Plays: 5Px1.
The Game
Mooncake Master is designed by Singaporean designer Daryl Chow. It's a simple and pleasant game about making mooncakes, a Chinese delicacy eaten during the Mid Autumn Festival celebration. I played the game on the day of the Mid Autumn Festival, which makes the experience even more meaningful.
The game box is designed to look like a mooncake box. Absolutely lovely. It comes with a box sleeve which is even prettier. Too bad I didn't take a photo of that.
A game has 3 stages, and at each stage you will make 3 mooncakes. There are only 4 rounds per stage. Every round everybody acts simultaneously. You draw three tiles, look at them, and decide which one to keep, which to give to your left neighbour, and which to give to your right neighbour. After receiving tiles from both your neighbours, you decide how to place all three of your tiles in front of you to make your three mooncakes. Each tile is a quarter of a mooncake. After 4 rounds you would have 12 tiles and they would complete 3 mooncakes. You then score your mooncakes, before removing them and starting a new round. This photo was taken in Round 4 of Stage 1. Some players had completed their three mooncakes. Others were still contemplating how to place the last three pieces.
This is the scoring reference card. The card on the left lists how the mooncakes score flavour points (FP), which are different from victory points (VP). Victory points are represented by lanterns. Let's look at the items one by one. If a mooncake contains only one flavour (i.e. one colour), it is worth 3 flavour points (FP). If it has two flavours, 1FP. Each complete egg yolk is 1FP. If a mooncake has no half yolk, that's 1FP. Finally every hazelnut and sunflower seed pair is worth 1FP. When a stage needs, you total your FP's, and compare with the others. Whoever has the most scores 2VP. Whoever has the least scores nothing. Everyone else scores 1VP. Over three stages, if you are always one of the leading players, you will score 6VP from your mooncakes.
The mooncakes come in three flavours - red bean (pink), lotus (orange) and green tea (green). In this photo you can see I was doing well so far, all three mooncakes were still single-flavoured, and egg yolks were all complete.
Things didn't go so perfectly after that. Well, at least two of the mooncakes were still single-flavoured. Let's take the middle one as an example. It has only one flavour, thus 3 flavour points. One complete egg yolk, so 1FP. No half egg yolks, that's another 1FP. There are two sets of hazelnut plus sunflower seed, so 2FP. The total is 7FP for just this mooncake.
This is a customer card, and this is the other way you score points. If one of your mooncakes fulfill the specific requirements of a customer, you may sell it to him, and score 1 victory point. In Stage 1, there is only one customer. At the start of each subsequent Stage, you add one more customer. If you are able to serve every customer every Stage, you will score 6VP. The requirements of this particular customer are the mooncake must have exactly two complete egg yolks, and it must be single flavoured.

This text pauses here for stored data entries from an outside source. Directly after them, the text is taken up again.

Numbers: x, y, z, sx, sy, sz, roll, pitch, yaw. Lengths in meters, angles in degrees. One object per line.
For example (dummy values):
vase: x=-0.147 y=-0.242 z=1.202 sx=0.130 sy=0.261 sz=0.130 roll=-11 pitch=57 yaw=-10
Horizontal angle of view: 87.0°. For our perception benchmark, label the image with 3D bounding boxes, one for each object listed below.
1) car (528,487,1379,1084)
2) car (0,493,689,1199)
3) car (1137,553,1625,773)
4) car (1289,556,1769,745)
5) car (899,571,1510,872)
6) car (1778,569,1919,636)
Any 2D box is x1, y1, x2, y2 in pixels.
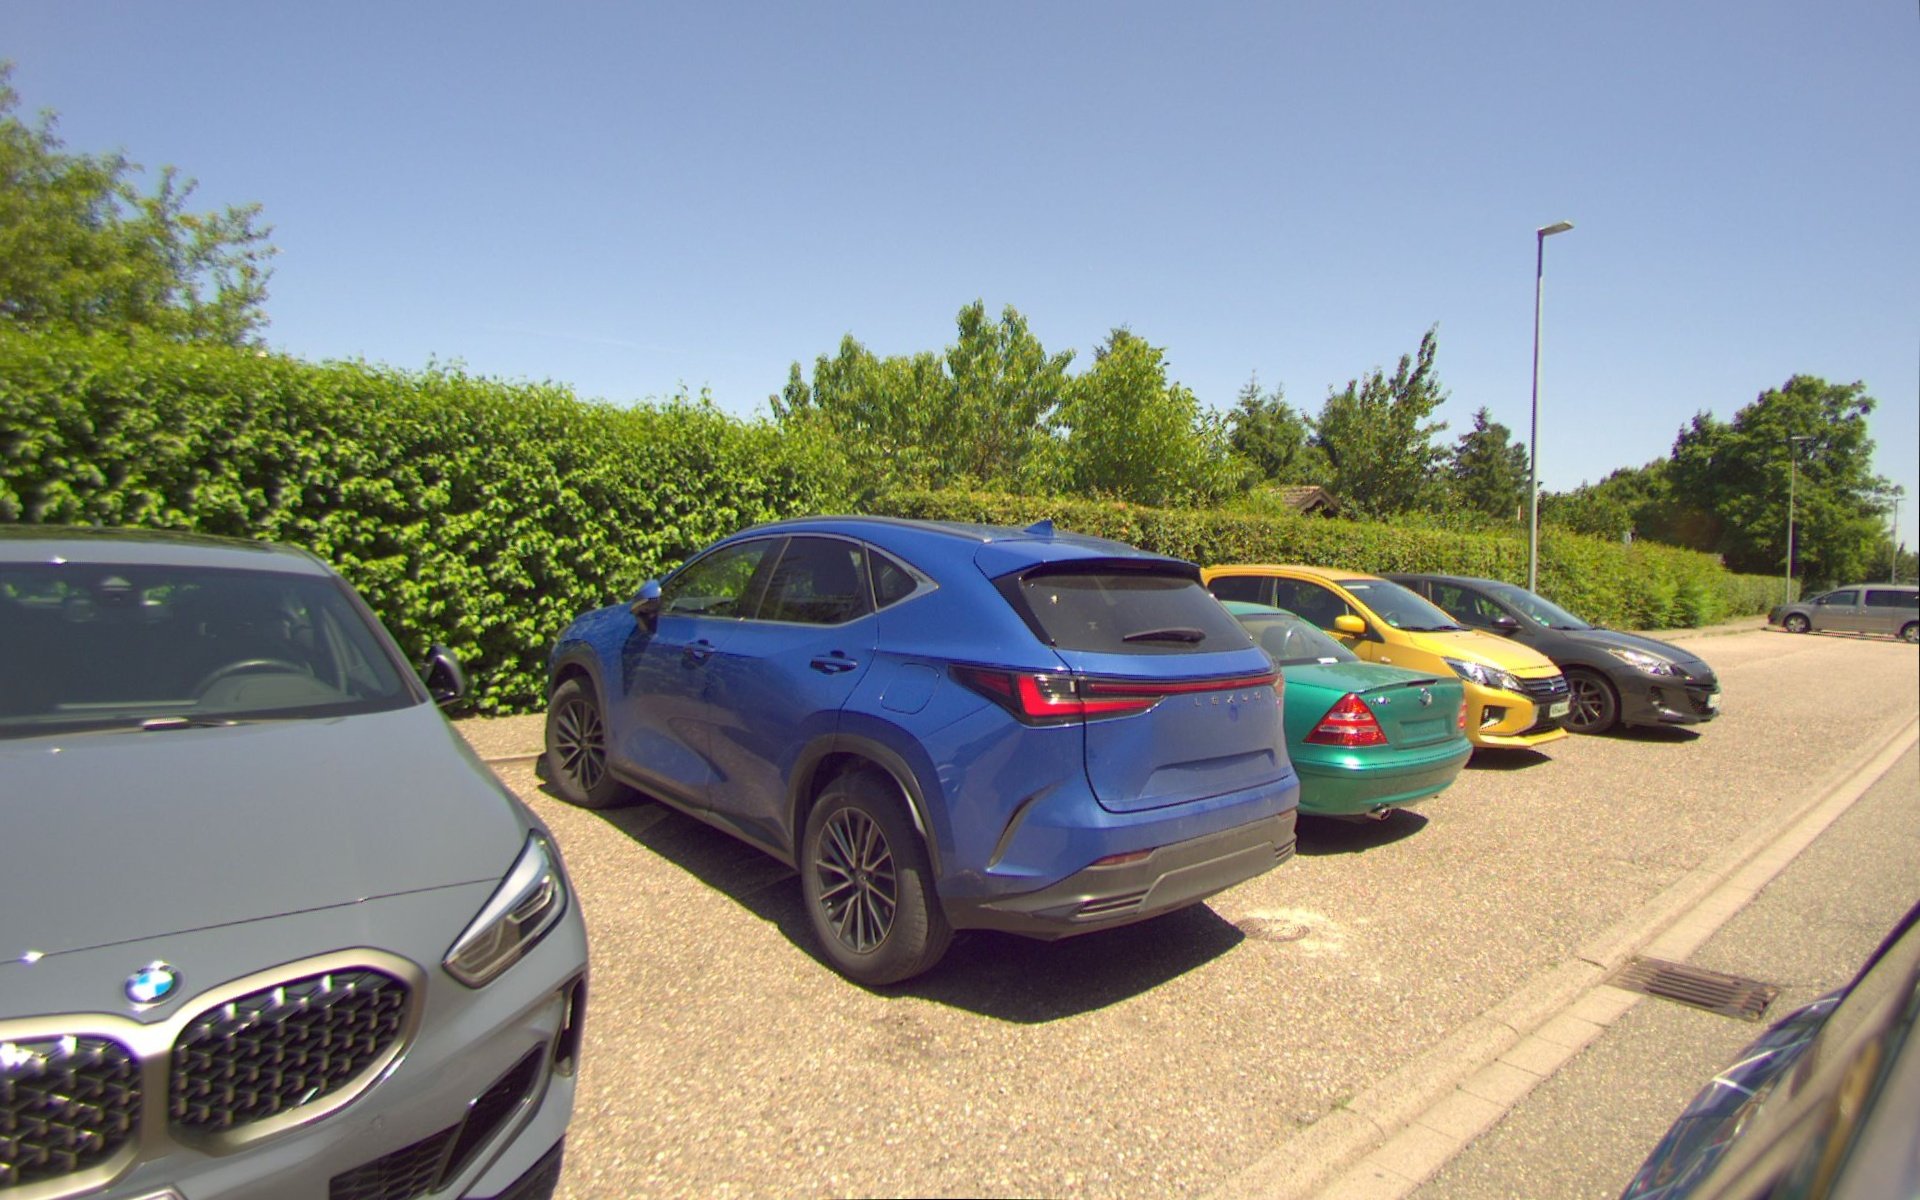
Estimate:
car: x=-0.458 y=0.371 z=4.966 sx=1.792 sy=1.653 sz=4.246 roll=-1 pitch=4 yaw=-42
car: x=-2.631 y=0.423 z=3.105 sx=1.784 sy=1.456 sz=4.139 roll=-1 pitch=5 yaw=-42
car: x=3.686 y=0.383 z=9.460 sx=1.742 sy=1.472 sz=3.815 roll=-1 pitch=5 yaw=-37
car: x=6.003 y=0.361 z=11.090 sx=1.851 sy=1.513 sz=4.172 roll=-1 pitch=5 yaw=-42
car: x=1.393 y=0.559 z=6.864 sx=1.600 sy=1.283 sz=3.742 roll=1 pitch=4 yaw=-42
car: x=30.295 y=0.087 z=33.546 sx=1.962 sy=1.870 sz=4.630 roll=0 pitch=5 yaw=-43

This was taken at Stage 2. You can see there are two customers. There are many different customers in the customer deck, and this creates variability from game to game.
The Play
Mooncake Master is straight-forward and fast. You do things concurrently, so there is little downtime. Adding more players doesn't significantly impact play time. You only need to pay attention to the mooncakes of your immediate neighbours. You want to avoid giving them tiles which help them. It's not always easy to do. You still want to keep a tile that's useful to you. It is probably not worth taking a poor (to you) tile for the sake of giving your neighbours poor (to them) tiles. The game feels like a puzzle game. You first try to figure out how best to allocate those 3 tiles drawn, and after that you try to figure out how to best fit the three tiles you get into your mooncakes. You try to score as many flavour points as possible, and at the same time try to fulfill customer requirements.
Four egg yolks! This photo gave me high cholesterol.
This was Stage 3. You can see three customers revealed.
Those two half egg yolks look ugly. Well, at least there are two hazelnut + sunflower seed combos, contributing 2FP. There are only two flavours, so that's 1FP.
The second customer wants a single yolk lotus mooncake. The third customers wants a single-flavoured mooncake with three hazelnuts. The scoreboard below only goes up to 12VP, because that's the highest possible score.
The Thoughts
Mooncake Master is a cute game. Good for casual gamers and non-gamers, and also for family settings. For boardgame veterans, it works well as a filler. It's not particularly deep, but it does give some light mental exercise and it presents an interesting challenge.